Chapter 44: The MI Procedure | SAS.STAT 9.1 Users Guide (Vol. 4)

Overview

The MI procedure performs multiple imputation of missing data. Missing values are an issue in a substantial number of statistical analyses. Most SAS statistical procedures exclude observations with any missing variable values from the analysis. These observations are called incomplete cases. While analyzing only complete cases has its simplicity, the information contained in the incomplete cases is lost. This approach also ignores possible systematic differences between the complete cases and the incomplete cases, and the resulting inference may not be applicable to the population of all cases, especially with a small number of complete cases.

Some SAS procedures use all the available cases in an analysis, that is, cases with useful information. For example, the CORR procedure estimates a variable mean by using all cases with nonmissing values for this variable, ignoring the possible missing values in other variables. PROC CORR also estimates a correlation by using all cases with nonmissing values for this pair of variables . This makes better use of the available data than use only the complete cases, but the resulting correlation matrix may not be positive definite.

Another strategy for handling missing data is single imputation, which substitutes a value for each missing value. Standard statistical procedures for complete data analysis can then be used with the filled-in data set. For example, each missing value can be imputed with the variable mean of the complete cases, or it can be imputed with the mean conditional on observed values of other variables. This approach treats missing values as if they were known in the complete-data analysis. However, single imputation does not reflect the uncertainty about the predictions of the unknown missing values, and the resulting estimated variances of the parameter estimates will be biased toward zero (Rubin 1987, p. 13).

Instead of filling in a single value for each missing value, multiple imputation (Rubin 1976; 1987) replaces each missing value with a set of plausible values that represent the uncertainty about the right value to impute. The multiply imputed data sets are then analyzed by using standard procedures for complete data and combining the results from these analyses. No matter which complete-data analysis is used, the process of combining results from different data sets is essentially the same.

Multiple imputation does not attempt to estimate each missing value through simulated values. Instead, it draws a random sample of the missing values from its distribution. This process results in valid statistical inferences that properly reflect the uncertainty due to missing values; for example, confidence intervals with the correct probability coverage.
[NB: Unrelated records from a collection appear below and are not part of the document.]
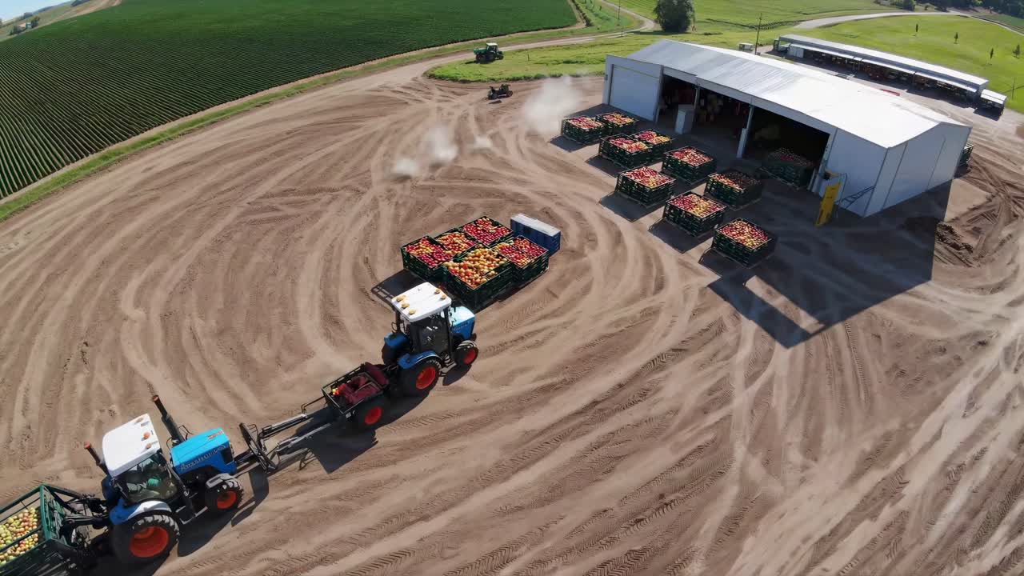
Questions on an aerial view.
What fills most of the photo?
paved ground
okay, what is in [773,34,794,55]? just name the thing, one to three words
truck
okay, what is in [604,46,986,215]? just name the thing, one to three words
barn
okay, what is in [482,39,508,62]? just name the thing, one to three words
work vehicle
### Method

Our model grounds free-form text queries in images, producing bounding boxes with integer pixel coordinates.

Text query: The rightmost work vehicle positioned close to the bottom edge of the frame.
[72,402,247,556]
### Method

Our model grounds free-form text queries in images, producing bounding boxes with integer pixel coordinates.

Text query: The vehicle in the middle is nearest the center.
[375,286,474,391]
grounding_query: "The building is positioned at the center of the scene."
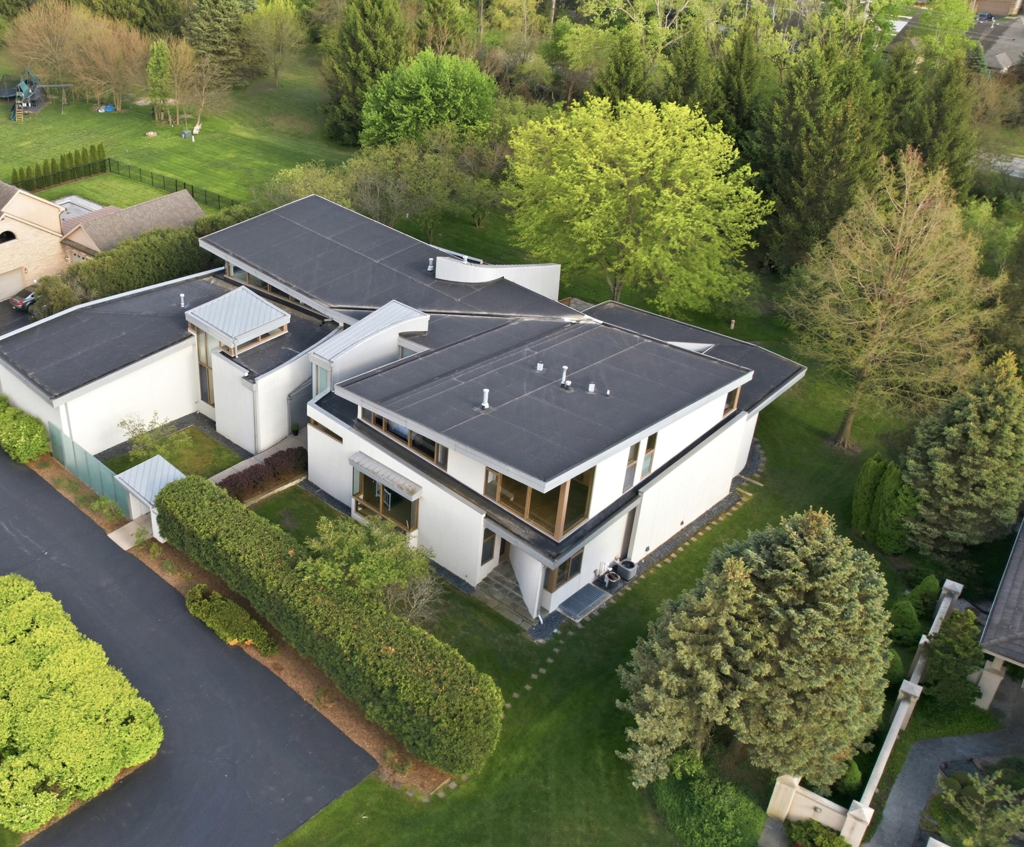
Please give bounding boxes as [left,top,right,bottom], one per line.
[0,194,809,629]
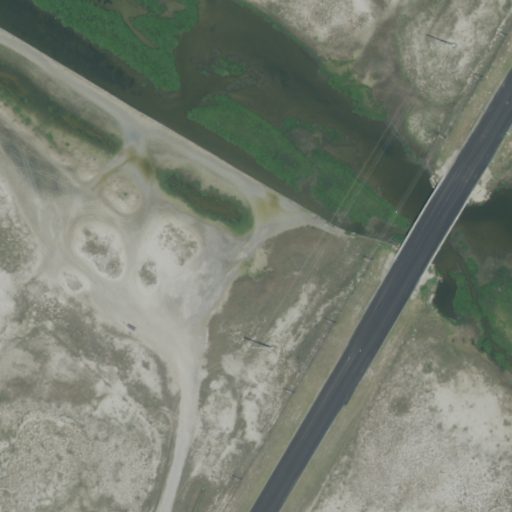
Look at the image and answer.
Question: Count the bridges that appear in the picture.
1
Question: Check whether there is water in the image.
Yes
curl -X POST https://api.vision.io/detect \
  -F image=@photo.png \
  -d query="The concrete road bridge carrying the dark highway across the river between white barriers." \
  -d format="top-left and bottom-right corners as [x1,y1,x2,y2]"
[396,170,477,277]
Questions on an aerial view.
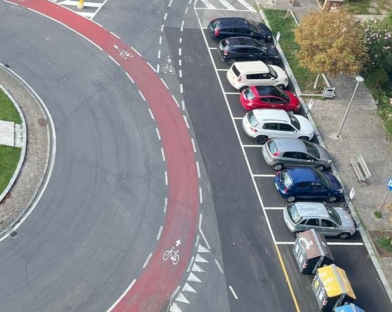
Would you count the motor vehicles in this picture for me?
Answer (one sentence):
There are 8 motor vehicles in the image.
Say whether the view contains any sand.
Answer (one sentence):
No, sand can't be seen anywhere here.
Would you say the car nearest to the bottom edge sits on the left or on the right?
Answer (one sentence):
It is on the right.
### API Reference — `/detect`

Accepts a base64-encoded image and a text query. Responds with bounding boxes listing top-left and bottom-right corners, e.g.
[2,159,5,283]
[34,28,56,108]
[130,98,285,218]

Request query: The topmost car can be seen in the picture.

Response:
[205,11,273,41]
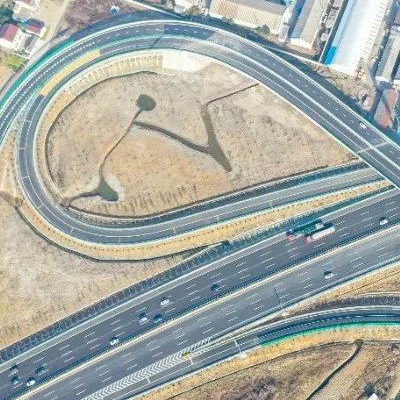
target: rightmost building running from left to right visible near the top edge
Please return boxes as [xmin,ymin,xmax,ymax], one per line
[212,0,288,35]
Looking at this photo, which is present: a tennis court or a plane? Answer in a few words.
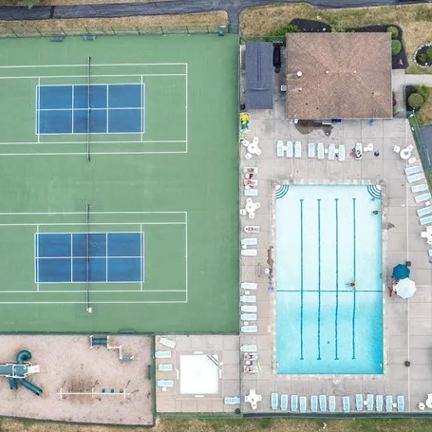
tennis court
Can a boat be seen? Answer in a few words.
No
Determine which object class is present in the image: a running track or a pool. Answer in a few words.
pool
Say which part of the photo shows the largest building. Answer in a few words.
top right
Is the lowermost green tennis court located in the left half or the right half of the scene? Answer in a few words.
left
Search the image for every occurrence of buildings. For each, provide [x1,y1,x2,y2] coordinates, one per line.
[246,39,274,112]
[285,31,394,122]
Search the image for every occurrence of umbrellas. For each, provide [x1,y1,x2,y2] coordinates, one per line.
[391,262,410,280]
[394,277,416,298]
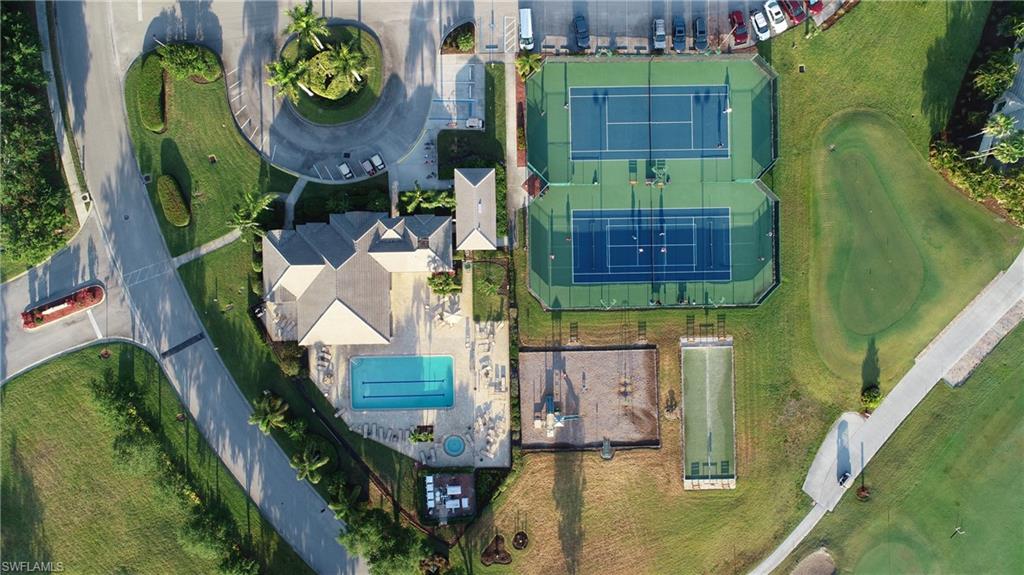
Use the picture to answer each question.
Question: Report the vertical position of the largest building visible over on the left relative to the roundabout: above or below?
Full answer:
The largest building visible over on the left appears below the roundabout in the picture.
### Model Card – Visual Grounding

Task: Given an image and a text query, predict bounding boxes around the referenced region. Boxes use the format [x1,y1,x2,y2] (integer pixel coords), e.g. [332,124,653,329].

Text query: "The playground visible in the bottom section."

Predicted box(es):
[519,348,660,451]
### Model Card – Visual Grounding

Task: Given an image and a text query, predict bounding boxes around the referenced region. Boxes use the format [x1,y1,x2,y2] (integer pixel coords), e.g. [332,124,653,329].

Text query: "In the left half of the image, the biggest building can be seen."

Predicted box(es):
[262,211,453,345]
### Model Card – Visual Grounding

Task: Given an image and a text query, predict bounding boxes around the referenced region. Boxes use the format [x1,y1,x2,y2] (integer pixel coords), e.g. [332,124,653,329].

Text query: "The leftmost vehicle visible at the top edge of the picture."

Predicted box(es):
[518,4,536,48]
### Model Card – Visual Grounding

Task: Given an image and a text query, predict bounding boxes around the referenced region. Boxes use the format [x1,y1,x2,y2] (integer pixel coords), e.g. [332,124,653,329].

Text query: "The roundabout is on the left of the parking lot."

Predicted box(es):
[279,19,384,125]
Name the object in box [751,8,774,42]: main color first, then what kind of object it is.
white car
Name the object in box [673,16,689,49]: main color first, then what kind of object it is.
blue car
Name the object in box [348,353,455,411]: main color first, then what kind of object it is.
blue swimming pool
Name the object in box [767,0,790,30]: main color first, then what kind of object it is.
white car
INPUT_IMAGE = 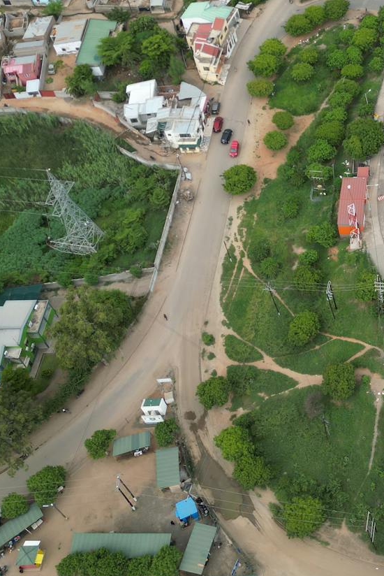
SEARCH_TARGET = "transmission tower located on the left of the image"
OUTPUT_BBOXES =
[39,166,104,257]
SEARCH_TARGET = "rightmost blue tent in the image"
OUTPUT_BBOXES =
[175,497,201,523]
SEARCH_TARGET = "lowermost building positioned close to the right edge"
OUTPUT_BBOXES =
[338,177,370,233]
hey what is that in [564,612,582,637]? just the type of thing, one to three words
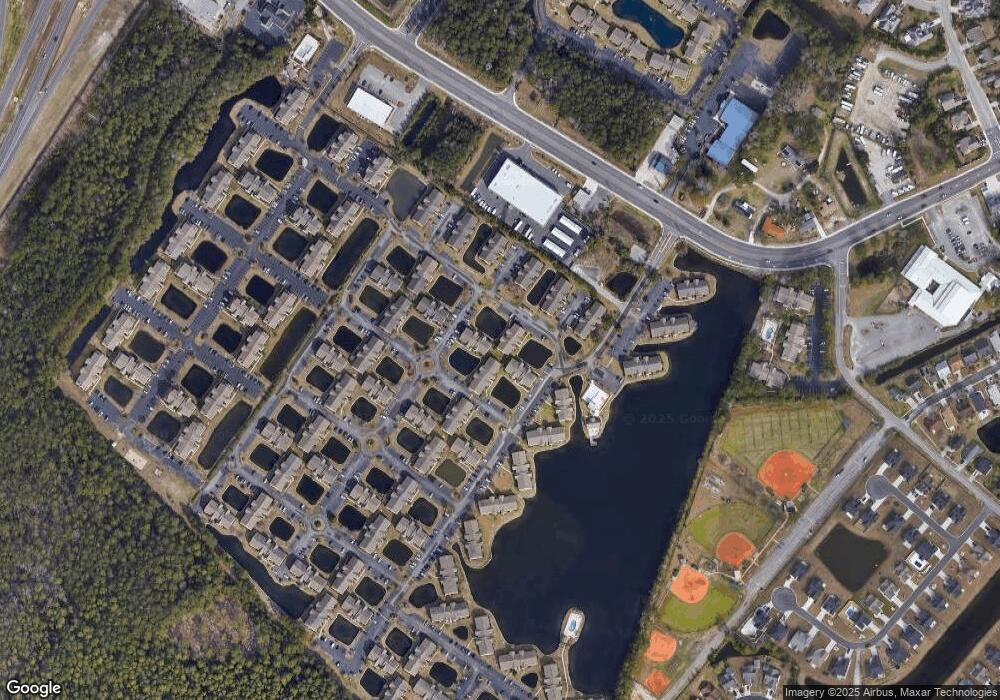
swimming pool
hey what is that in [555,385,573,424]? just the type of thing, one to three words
building
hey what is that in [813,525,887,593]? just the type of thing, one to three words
pond
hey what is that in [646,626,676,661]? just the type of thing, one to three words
baseball field
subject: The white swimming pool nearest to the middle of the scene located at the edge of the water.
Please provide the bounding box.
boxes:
[582,381,609,413]
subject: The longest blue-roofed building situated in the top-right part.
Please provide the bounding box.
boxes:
[707,87,754,164]
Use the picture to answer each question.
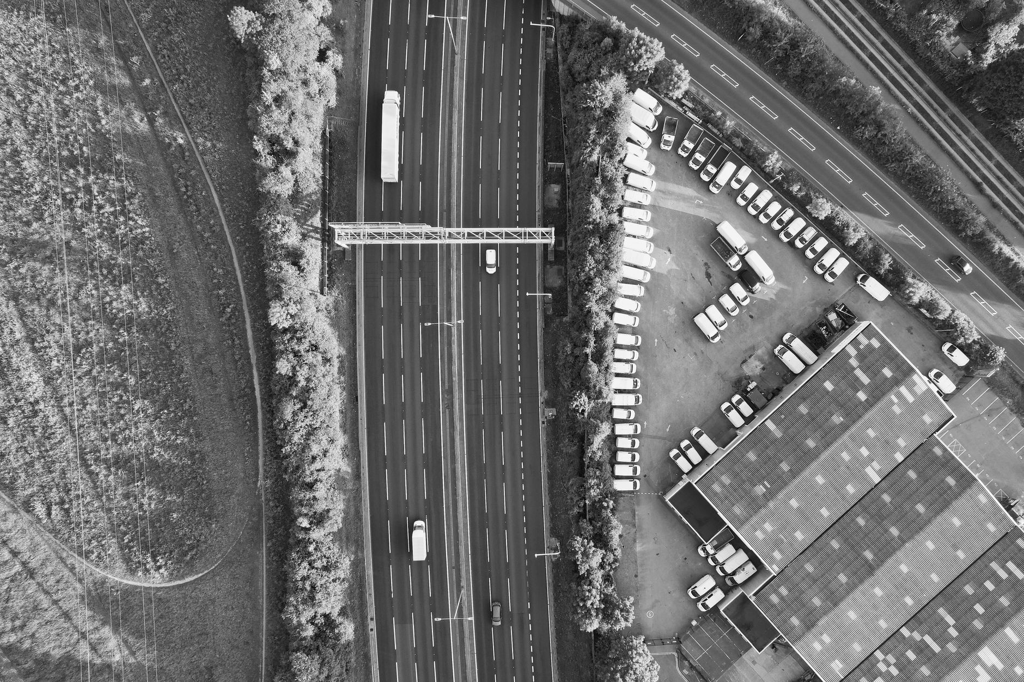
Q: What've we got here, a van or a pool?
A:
van
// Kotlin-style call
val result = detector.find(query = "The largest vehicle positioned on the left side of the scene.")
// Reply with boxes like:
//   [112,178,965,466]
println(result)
[383,93,401,181]
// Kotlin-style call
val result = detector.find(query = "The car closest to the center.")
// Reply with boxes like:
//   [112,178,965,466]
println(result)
[484,249,497,274]
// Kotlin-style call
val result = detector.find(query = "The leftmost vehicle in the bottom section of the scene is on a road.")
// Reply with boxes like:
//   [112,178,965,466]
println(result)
[412,520,426,562]
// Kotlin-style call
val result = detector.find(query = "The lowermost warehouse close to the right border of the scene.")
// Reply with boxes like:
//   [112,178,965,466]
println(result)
[682,321,1024,682]
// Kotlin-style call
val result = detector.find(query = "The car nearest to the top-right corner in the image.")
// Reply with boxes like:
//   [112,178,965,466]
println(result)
[949,254,972,275]
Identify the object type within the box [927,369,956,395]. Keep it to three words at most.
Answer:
car
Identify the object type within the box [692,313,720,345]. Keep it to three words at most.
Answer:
van
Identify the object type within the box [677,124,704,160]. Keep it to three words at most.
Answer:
truck
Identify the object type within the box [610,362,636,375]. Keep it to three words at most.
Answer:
vehicle
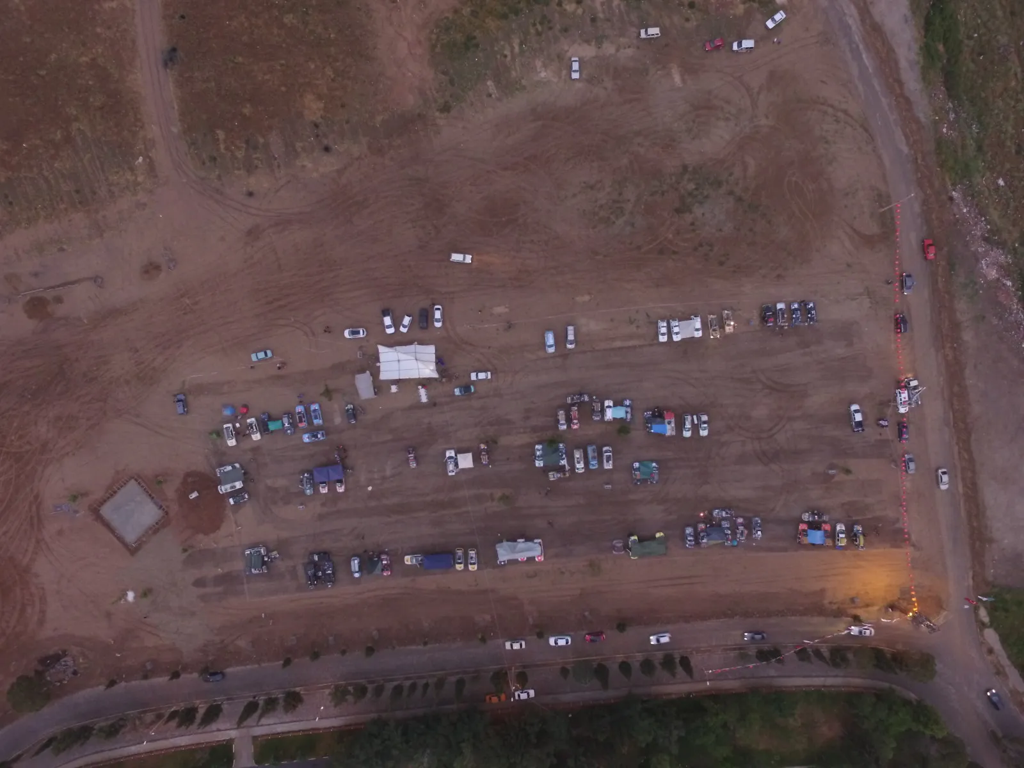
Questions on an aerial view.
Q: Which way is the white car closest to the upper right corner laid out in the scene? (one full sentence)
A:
In this picture, the white car closest to the upper right corner is oriented on a diagonal.
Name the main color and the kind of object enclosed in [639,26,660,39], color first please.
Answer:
white vehicle
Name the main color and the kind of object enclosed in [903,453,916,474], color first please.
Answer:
gray vehicle
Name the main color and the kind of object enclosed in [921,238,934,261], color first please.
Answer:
red vehicle
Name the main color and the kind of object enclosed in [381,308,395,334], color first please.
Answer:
white vehicle
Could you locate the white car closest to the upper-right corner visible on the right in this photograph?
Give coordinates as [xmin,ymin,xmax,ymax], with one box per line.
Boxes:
[764,9,786,31]
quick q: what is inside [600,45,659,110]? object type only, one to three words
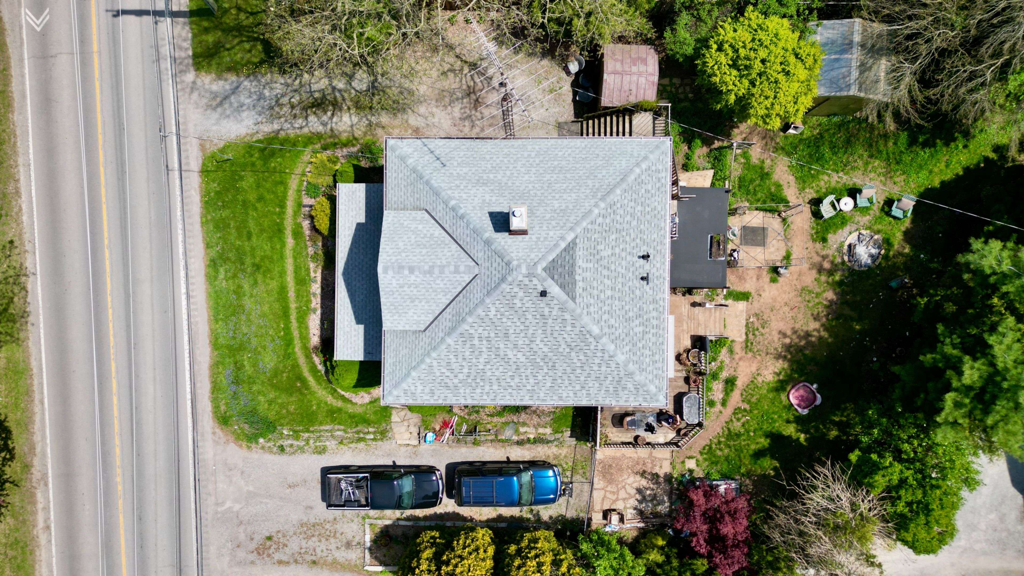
shed
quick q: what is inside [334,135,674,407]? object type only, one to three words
house
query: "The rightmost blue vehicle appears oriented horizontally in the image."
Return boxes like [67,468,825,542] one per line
[455,462,563,513]
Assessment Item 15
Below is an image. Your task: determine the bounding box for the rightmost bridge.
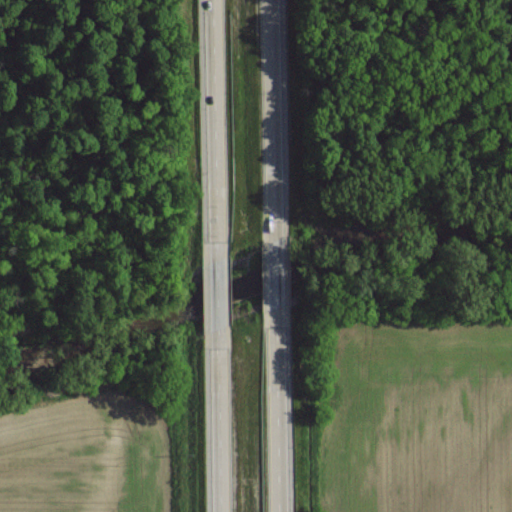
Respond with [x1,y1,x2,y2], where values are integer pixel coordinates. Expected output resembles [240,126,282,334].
[262,243,292,328]
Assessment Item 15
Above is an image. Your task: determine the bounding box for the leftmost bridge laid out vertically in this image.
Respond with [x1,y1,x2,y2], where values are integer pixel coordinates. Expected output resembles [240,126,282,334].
[202,242,232,348]
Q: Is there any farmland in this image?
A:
Yes

Multiple imputation inference involves three distinct phases:

The missing data are filled in m times to generate m complete data sets.
The m complete data sets are analyzed using standard statistical analyses.
The results from the m complete data sets are combined to produce inferential results.

The MI procedure creates multiply imputed data sets for incomplete multivariate data. It uses methods that incorporate appropriate variability across the m imputations. The method of choice depends on the patterns of missingness.

For data sets with monotone missing patterns, either a parametric method that assumes multivariate normality or a nonparametric method is appropriate. Parametric methods available include the regression method (Rubin 1987, pp. 166 “167) and the predictive mean matching method (Heitjan and Little 1991; Schenker and Taylor 1996). The nonparametric method is the propensity score method (Rubin 1987, pp. 124, 158; Lavori, Dawson, and Shera 1995).

For data sets with arbitrary missing patterns, a Markov Chain Monte Carlo (MCMC) method (Schafer 1997) that assumes multivariate normality is used to impute all missing values or just enough missing values to make the imputed data sets have monotone missing patterns.

Once the m complete data sets are analyzed using standard SAS procedures, the MIANALYZE procedure can be used to generate valid statistical inferences about these parameters by combining results from the m analyses.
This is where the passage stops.